Pernyataan Menteri Kebudayaan, Fadli Zon, yang meragukan adanya bukti pemerkosaan massal pada tragedi Mei 1998 menuai kecaman keras dari berbagai pihak. Wakil Ketua Komisi IX DPR RI, Nihayatul Wafiroh, menilai pernyataan tersebut sangat tidak pantas dan berpotensi menghapus jejak sejarah kelam kekerasan seksual.
Nihayatul menekankan bahwa tragedi pemerkosaan Mei 1998 adalah fakta kemanusiaan yang telah diakui secara luas oleh Komnas Perempuan dan berbagai lembaga independen, baik nasional maupun internasional. Ia menyarankan agar Menteri Kebudayaan melakukan kajian mendalam, menemui keluarga korban, atau menugaskan tim peneliti untuk memperoleh informasi yang akurat sebelum melontarkan pernyataan kontroversial.
Menurut Nihayatul, temuan Tim Gabungan Pencari Fakta (TGPF) telah mengungkap sejumlah kasus pemerkosaan massal. Oleh karena itu, yang dibutuhkan saat ini adalah penegakan hukum, bukan justru pengingkaran terhadap kebenaran yang menyakitkan para korban.
Tragedi Mei 1998 bukan hanya menelan banyak korban jiwa, tetapi juga meninggalkan luka mendalam bagi perempuan-perempuan yang menjadi korban kekerasan seksual. Fakta-fakta pemerkosaan terhadap perempuan etnis Tionghoa telah terdokumentasi dalam laporan Komnas Perempuan, TGPF, dan menjadi perhatian dunia internasional. Mengingkari fakta tersebut sama saja dengan merendahkan martabat korban dan menutup ruang pemulihan bagi mereka.
Sebelumnya, pernyataan Menteri Kebudayaan dalam sebuah wawancara telah memicu kritik luas dan desakan untuk meminta maaf. Komnas Perempuan menilai pernyataan tersebut menyakitkan dan memperpanjang impunitas bagi pelaku.
Dalam klarifikasinya, Menteri Kebudayaan mengapresiasi kepedulian publik terhadap sejarah, termasuk era transisi reformasi pada Mei 1998. Ia menyebutkan bahwa peristiwa huru hara pada 13-14 Mei 1998 menimbulkan berbagai perspektif, termasuk ada atau tidaknya perkosaan massal.
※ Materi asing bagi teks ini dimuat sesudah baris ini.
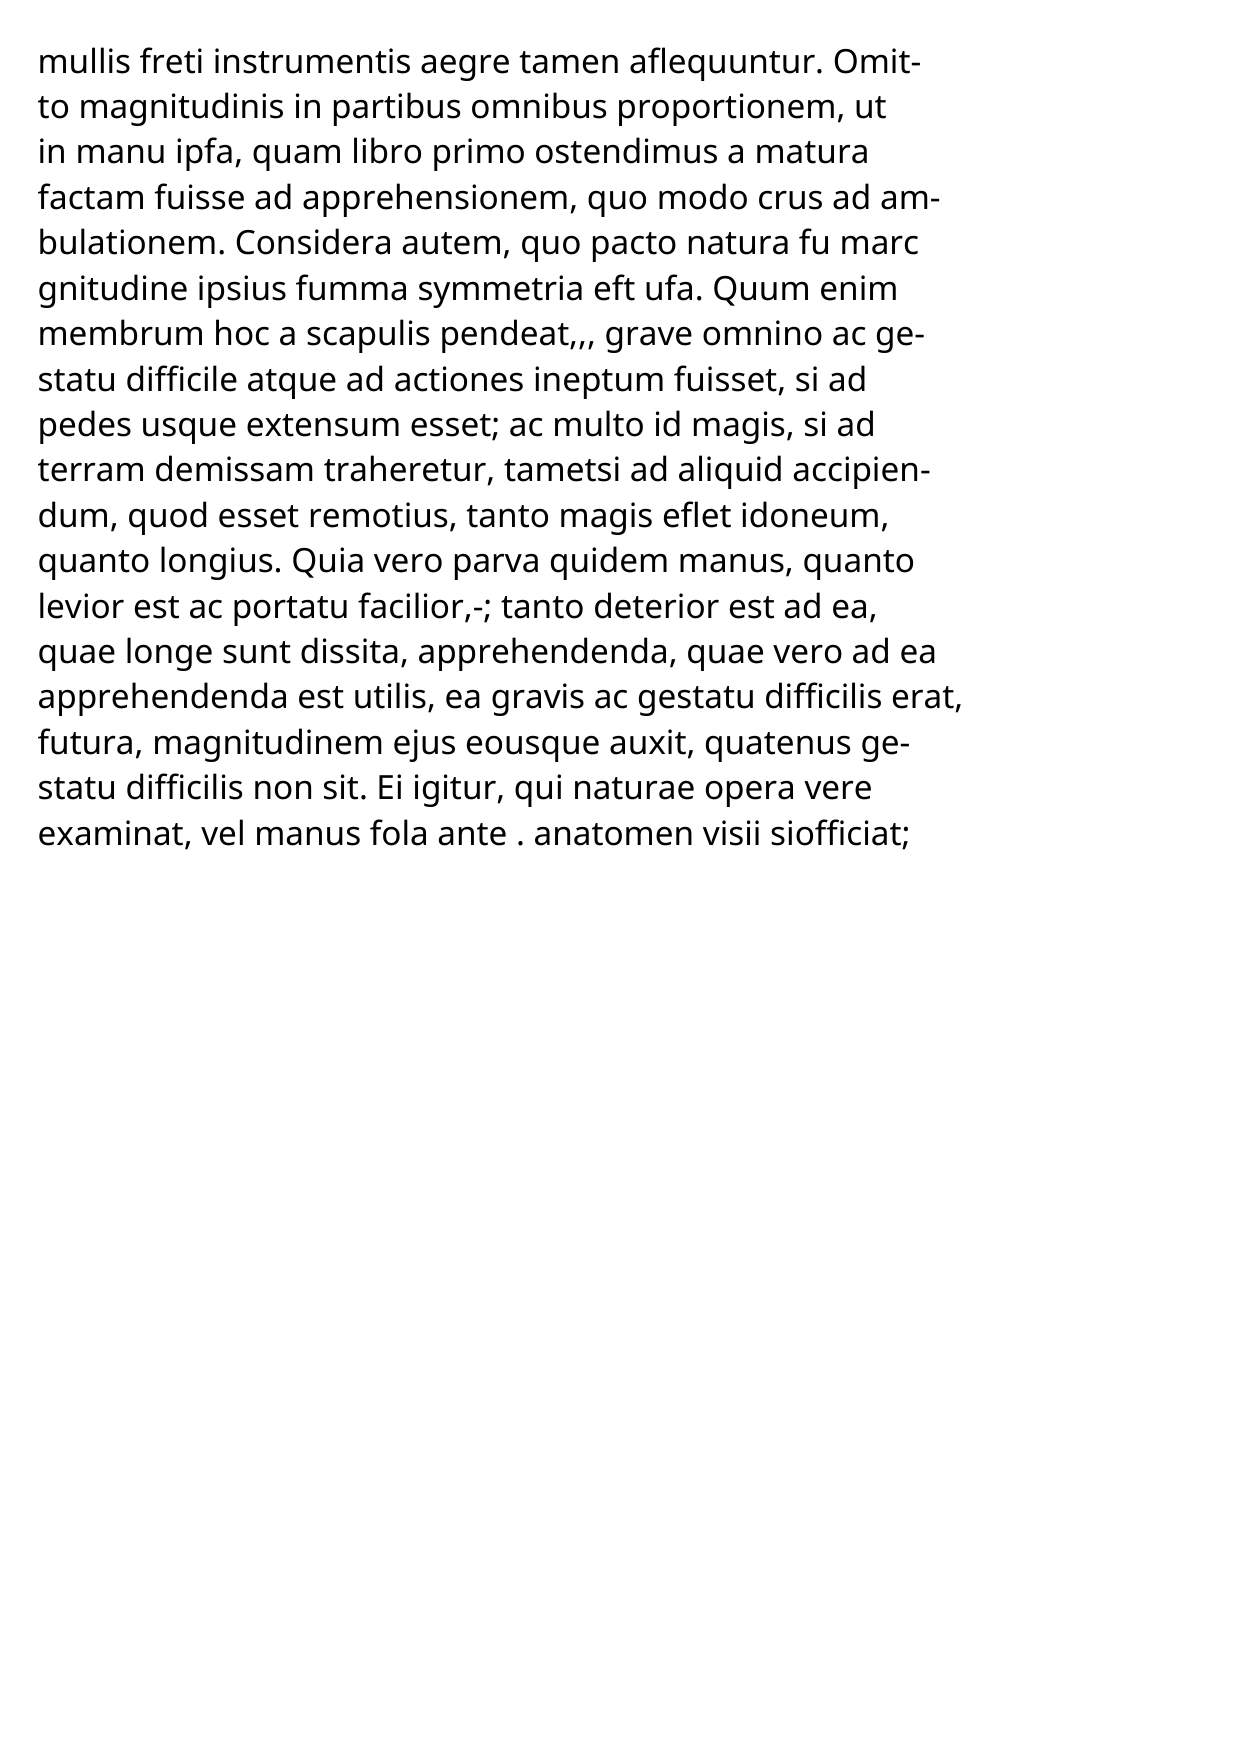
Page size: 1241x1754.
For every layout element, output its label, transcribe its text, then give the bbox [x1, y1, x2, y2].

text mullis freti instrumentis aegre tamen aflequuntur. Omit- to magnitudinis in partibus omnibus proportionem, ut in manu ipfa, quam libro primo ostendimus a matura factam fuisse ad apprehensionem, quo modo crus ad am- bulationem. Considera autem, quo pacto natura fu marc gnitudine ipsius fumma symmetria eft ufa. Quum enim membrum hoc a scapulis pendeat,,, grave omnino ac ge- statu difficile atque ad actiones ineptum fuisset, si ad pedes usque extensum esset; ac multo id magis, si ad terram demissam traheretur, tametsi ad aliquid accipien- dum, quod esset remotius, tanto magis eflet idoneum, quanto longius. Quia vero parva quidem manus, quanto levior est ac portatu facilior,-; tanto deterior est ad ea, quae longe sunt dissita, apprehendenda, quae vero ad ea apprehendenda est utilis, ea gravis ac gestatu difficilis erat, futura, magnitudinem ejus eousque auxit, quatenus ge- statu difficilis non sit. Ei igitur, qui naturae opera vere examinat, vel manus fola ante . anatomen visii siofficiat; [37, 37, 1203, 855]

Ia juga menyinggung laporan TGPF yang dinilainya hanya menyebut angka tanpa data pendukung yang solid.
Menteri Kebudayaan menegaskan bahwa dirinya mengutuk dan mengecam keras segala bentuk perundungan dan kekerasan seksual terhadap perempuan yang terjadi pada masa lalu maupun saat ini. Ia juga menyatakan bahwa apa yang disampaikannya tidak menihilkan penderitaan korban yang terjadi dalam konteks huru hara 13-14 Mei 1998. Baginya, segala bentuk kekerasan seksual terhadap perempuan adalah pelanggaran terhadap nilai kemanusiaan paling mendasar dan harus menjadi perhatian serius setiap pemangku kepentingan.